Better disassembly could be useful, especially with respect to load and store, and handling of non-canonical no-ops.
A mode could be added to allow streaming instructions directly into memory,
rather than having to poke
them in one at a time.
A break
directive could be added, which halts the simulation on some
condition and implies a dump
so it can later be resumed.
This started as a joke between myself and my friend Joshua Nelson. I decided to build it anyway, and here we are.

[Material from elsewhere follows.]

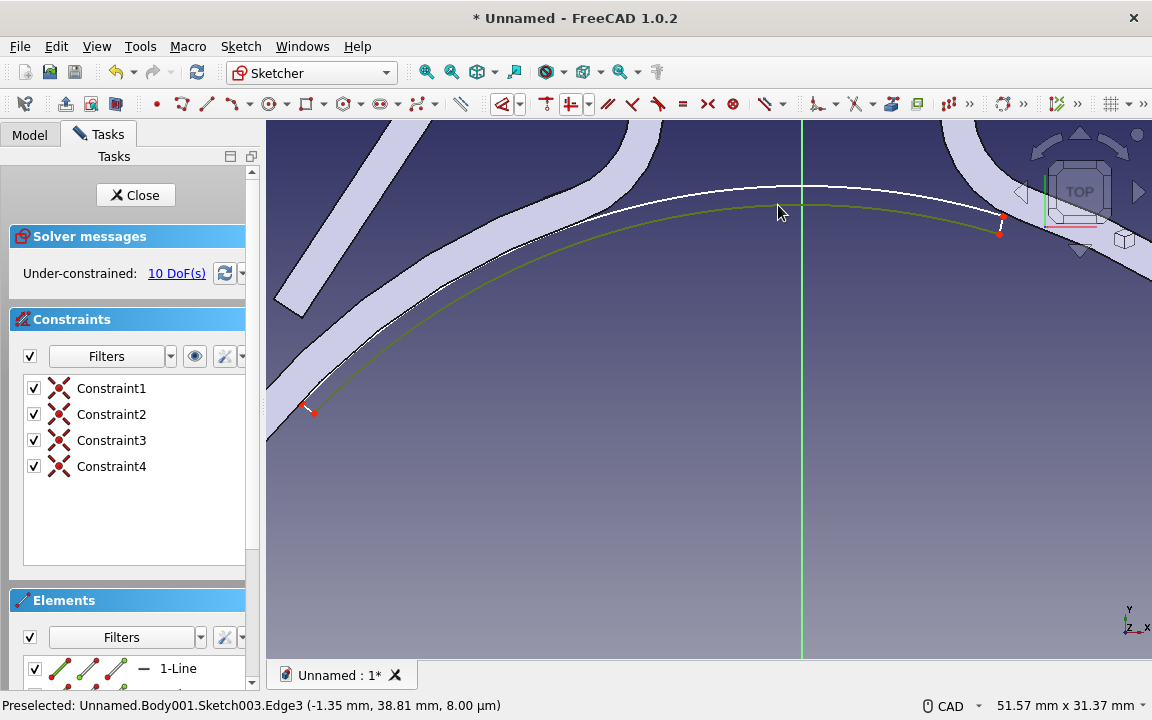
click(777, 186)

I have found AWK a surprisingly pleasant language in which to implement a CPU simulator. A lot of the challenge is getting data into and out of the simulator, and controlling it, which AWK makes very straightforward. The thinly provisioned memory is also handy.
If you have a question, comment, or patch, you should send it in via my public inbox.

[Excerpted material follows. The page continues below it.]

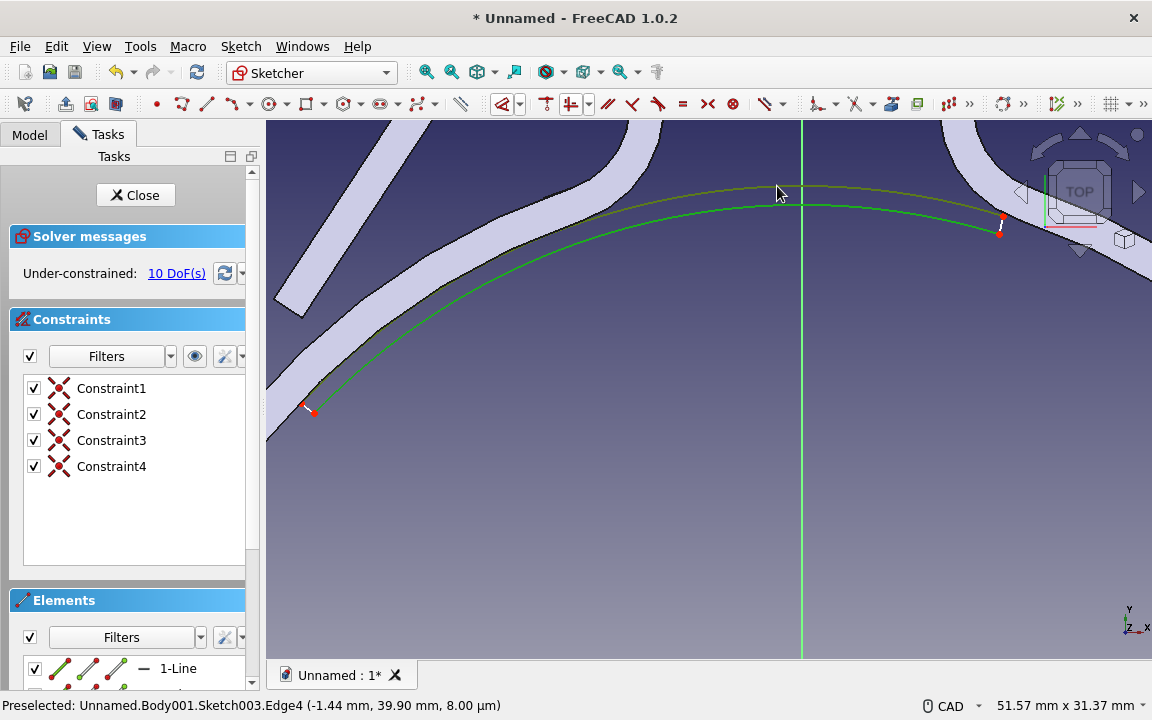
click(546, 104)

Tests can be run using the ./scripts/run_tests.sh
script.
Unit tests organized as a directory of TSV files in the test/unit/
folder.
The first column of each file is an input to riscv.awk, and the second column
is the expected output. Each TSV file corresponds to one test case.
Files in test/simulation/
are each used as input to the program, and it's
exit code is assumed to indicate a test failure in the event it is nonzero.